We make a datacap request in connection with being able to store the useful, public and open datasets. Accessible for everyone. The current market for paying clients and corporate data (FIL-E) is still developing. By storing useful public data on the network, we can currently show opportunities and usability to potential paying customers. (FIL-E)

The reason for using the Filecoin+ network is that these datasets lend themselves perfectly to Filecoin's mission. Namely, to "store humanity's most important information." We strongly believe that useful information advances the entire Filecoin ecosystem, so we encourage everyone to ensure that the data for which a request is made is actually useful to everyone.

If it is purely a business request for encrypted data this should be FIL-e. Scraped data from websites without consent, CAR files created by other data preparers without their consent, unimportant data such as cooking courses, security footage or completely random images do not fulfill the mission of the Filecoin+ program and should not be accepted.

The exact size of each dataset is clear in advance and based on this specific size we can determine how much datacap is needed for the numbers of duplications required. The exact volumes are visible on the AWS buckets, Azure or Google cloud database where they are currently stored.

Files and Processing

We have realised a BGP endpoint in Amsterdam in the Netherlands, from here we download, pack and send the above mentioned datasets. Our bandwidth at this location is 80Gbps, sufficient to process 0.5PiB of raw data daily and send it to selected storage providers. We have provided 30 PiB of storage capacity and several machines for building CAR files and web servers to serve downloads.

We take our work as a packing provider for the Filecoin network extremely seriously and do our best to run demos with paying customers. We believe in this is for the future benefit of the whole network.

Our download locations such as AWS buckets, Azure or Google cloud tend to have bandwidth between 10 and 40 Gbps. The storage providers we select for data storage vary between 1 and 30 Gbps. We ensure that the larger data sets are distributed only to capable storage providers and monitor them hourly for reachability.

We work with Singularity which is still under development and sometimes suffer from duplicate deals constructed by this tool. This is mainly because our scale of 100-500 TiB daily packing can sometimes cause files to be processed twice when the data is changed in the buckets (for example the date of the file). In addition our selected storage providers are focused on reviewing data before processing and we recently started with regular duplicate checks on all of our available pools to ensure that duplicates are kept to an absolute minimum.
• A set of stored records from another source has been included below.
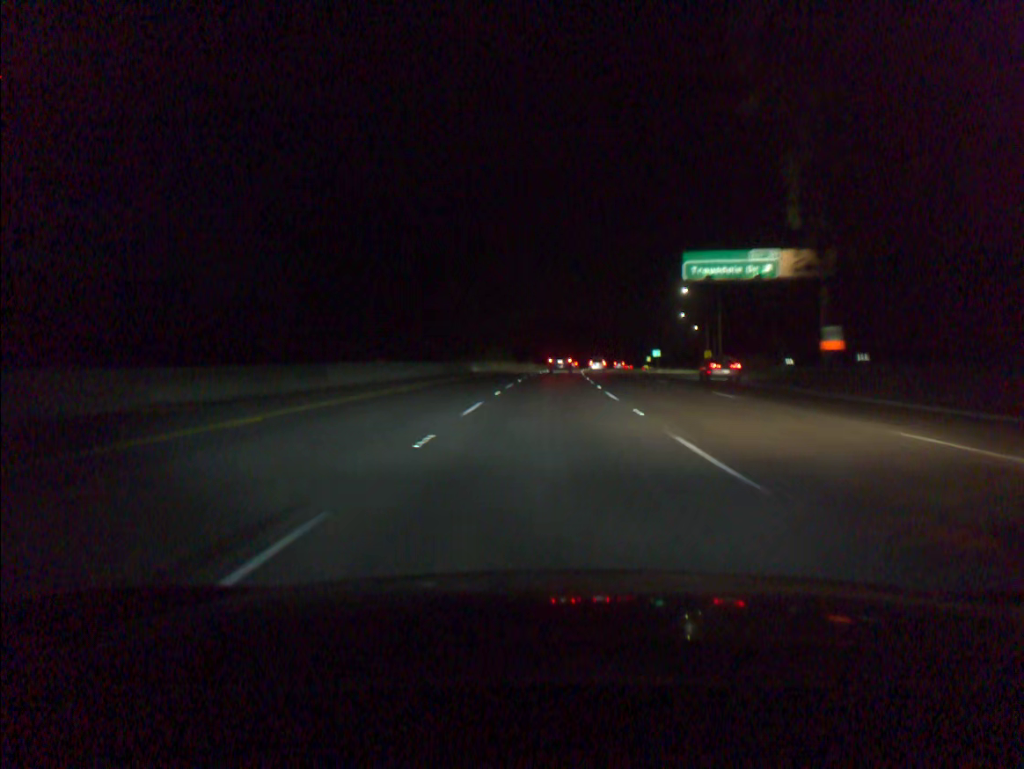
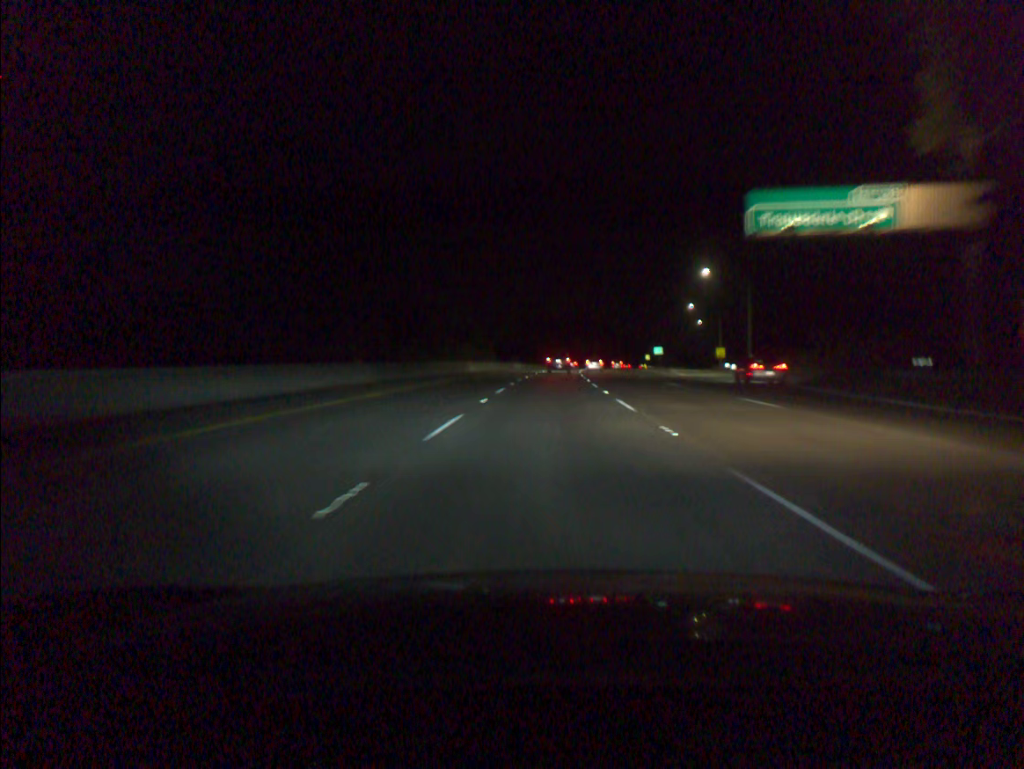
(+0.2, +19.0) m; +1°
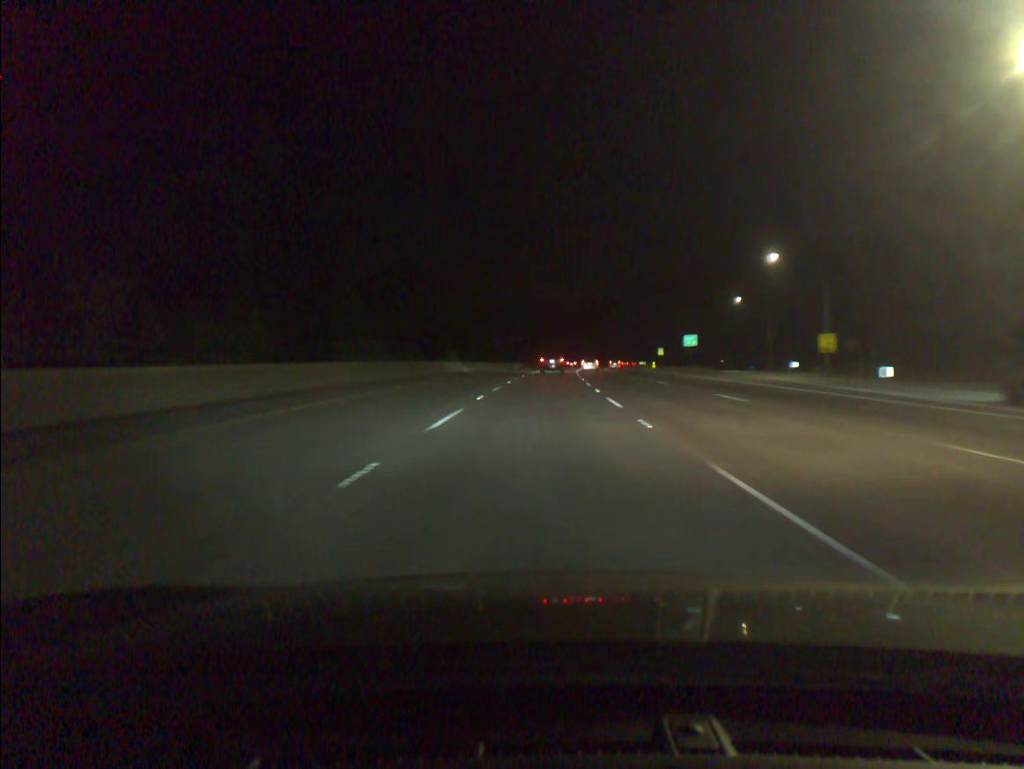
(+1.2, +56.9) m; +2°
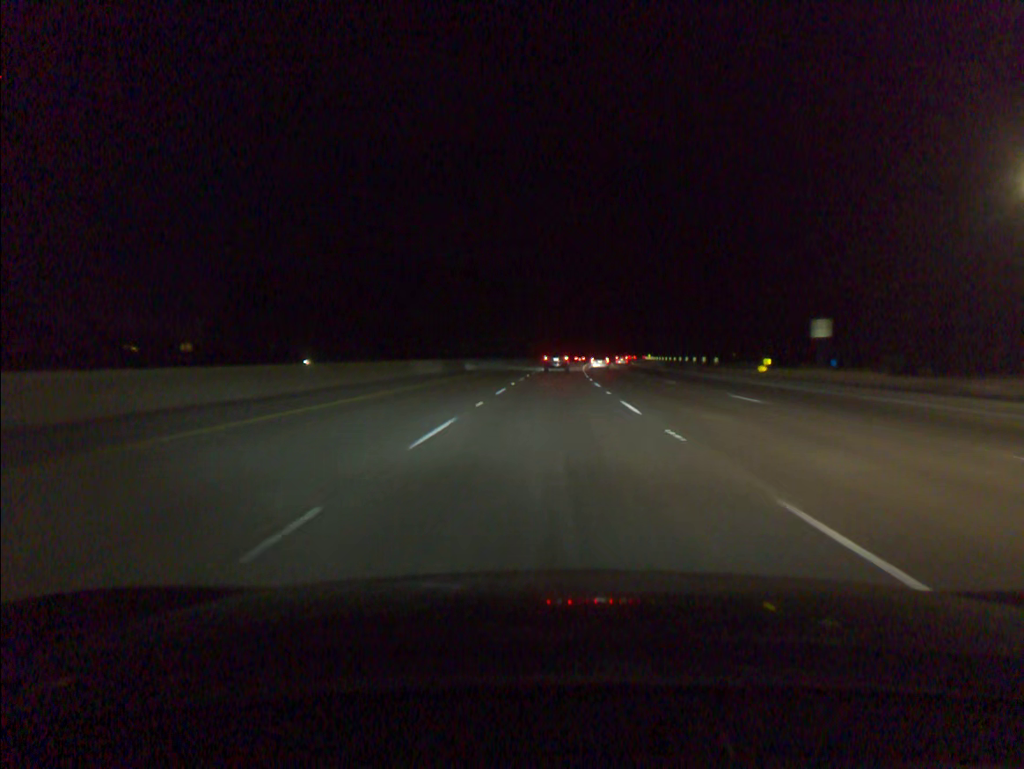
(+1.5, +75.2) m; +2°
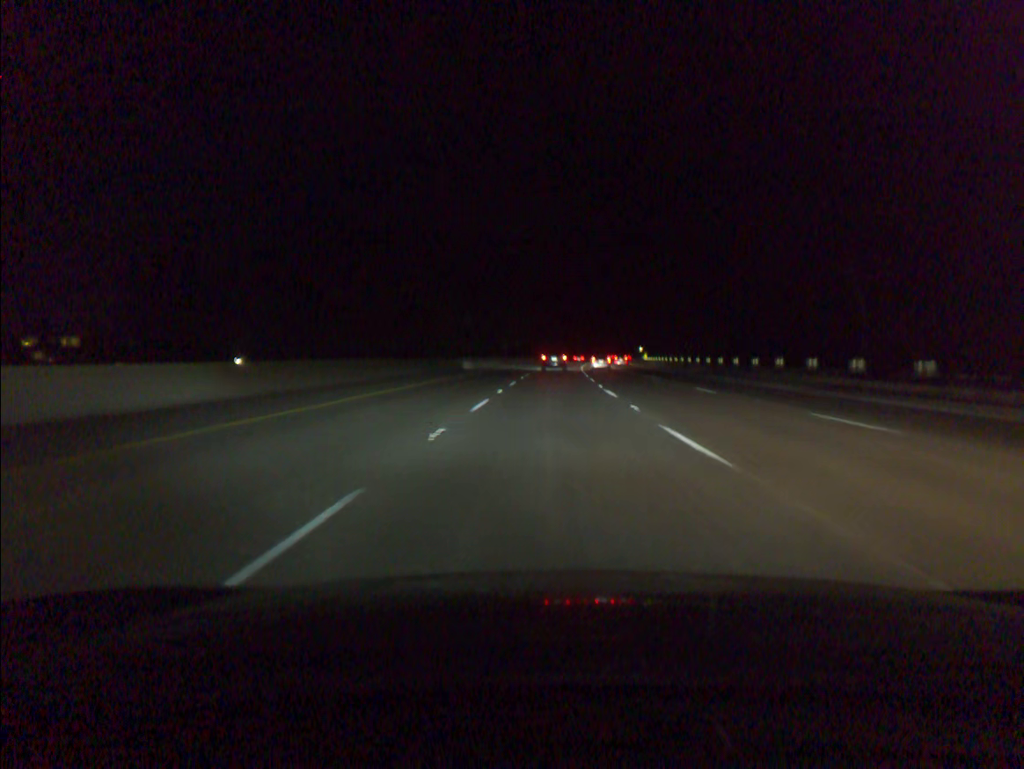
(+0.5, +37.2) m; +2°
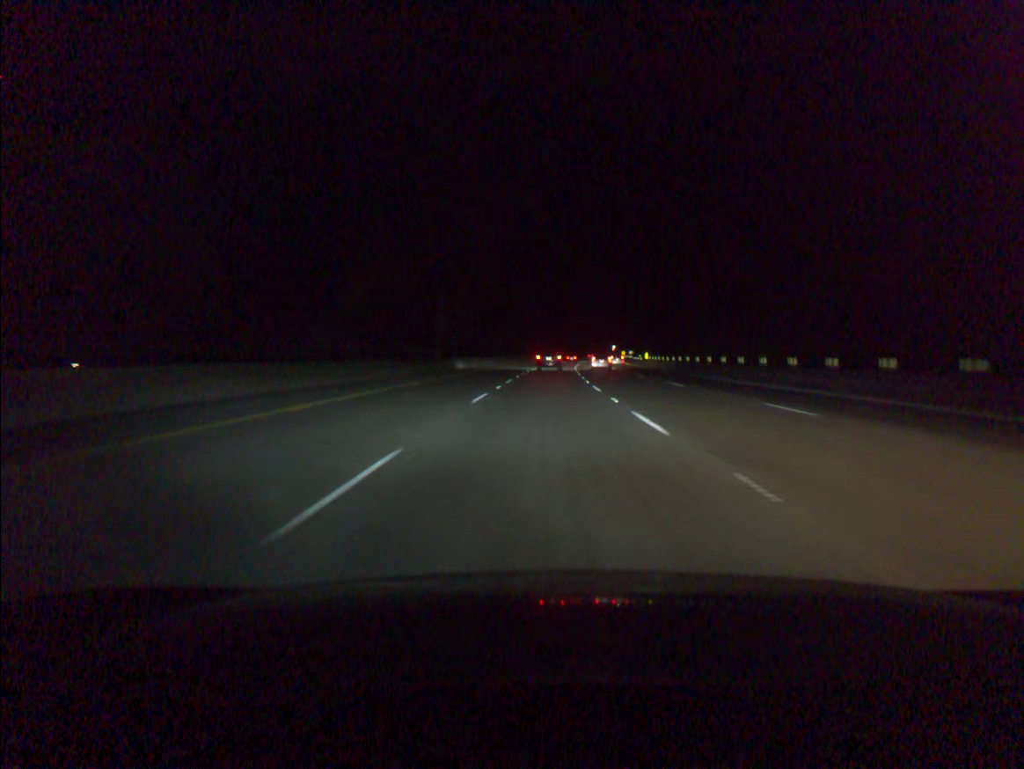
(+1.2, +55.3) m; +2°
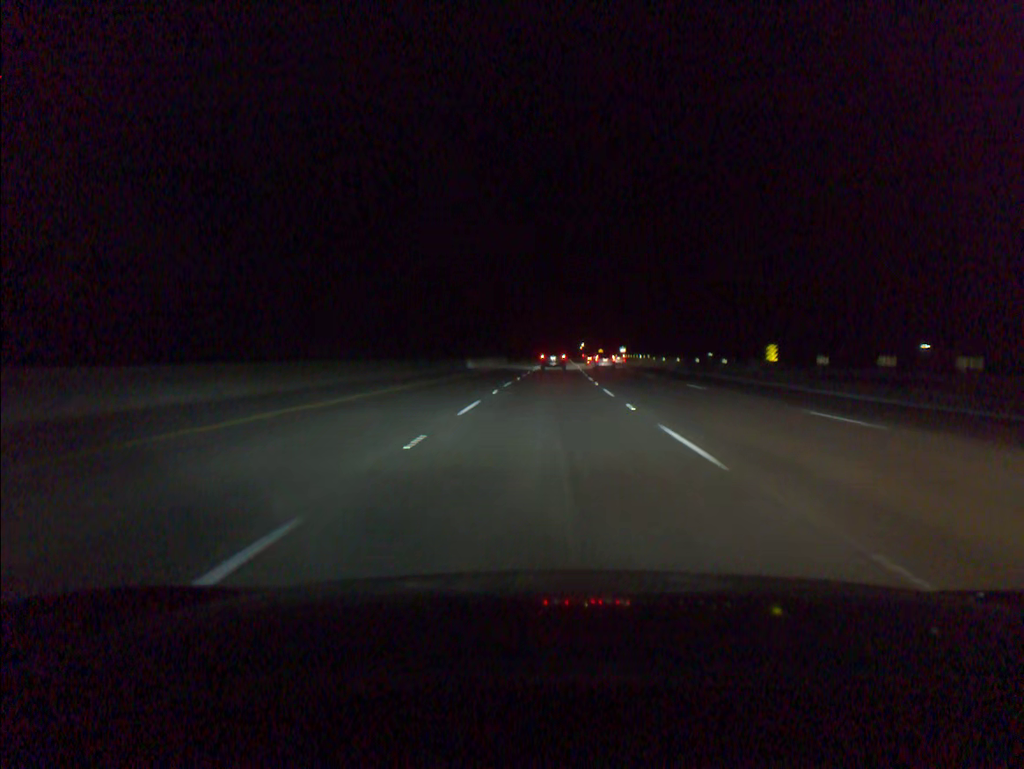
(+2.5, +91.3) m; +3°

I expect to have sufficiently informed the community with this information. If there are any further questions, please let me know. We are in favor of full transparency and openness. Together we will move Filecoin forward and build the future of WEB3.

herrehesse commented 1 year ago

@Joss-Hua - Good question! 500T weekly is more than enough.

chuangyuhudong commented 1 year ago

To make this clear, you are a storage provider but also platform?

This seems very vague to me and just a way to grow your miner with the FIL+ multiplier.

I do not support this kind of request in any way and would advise notaries not to sign.

herrehesse commented 1 year ago

I find it very childish of the applicant in question (@chuangyuhudong) to respond in this way, as it is a copy of a response from me to one of his own datacap requests, which is doubtful to be following the Filecoin+ ecosystem rules.

Is this the level we have descended to?

I would love to have an adult level discussion about the misused datacap for fraudulent practices or completely useless files. The Filecoin+ program is meant to advance the entire Filecoin ecosystem by increasing the value of data storage, it is now mostly used for personal gain and abusive growth with spoofed files or fake data.

It has to stop, 99% down from our all-time-high is enough. @raghavrmadya @cryptowhizzard

cryptowhizzard commented 1 year ago

REQUEST MOVED TO: #1549

simonkim0515 commented 1 year ago

Closing due to new application created.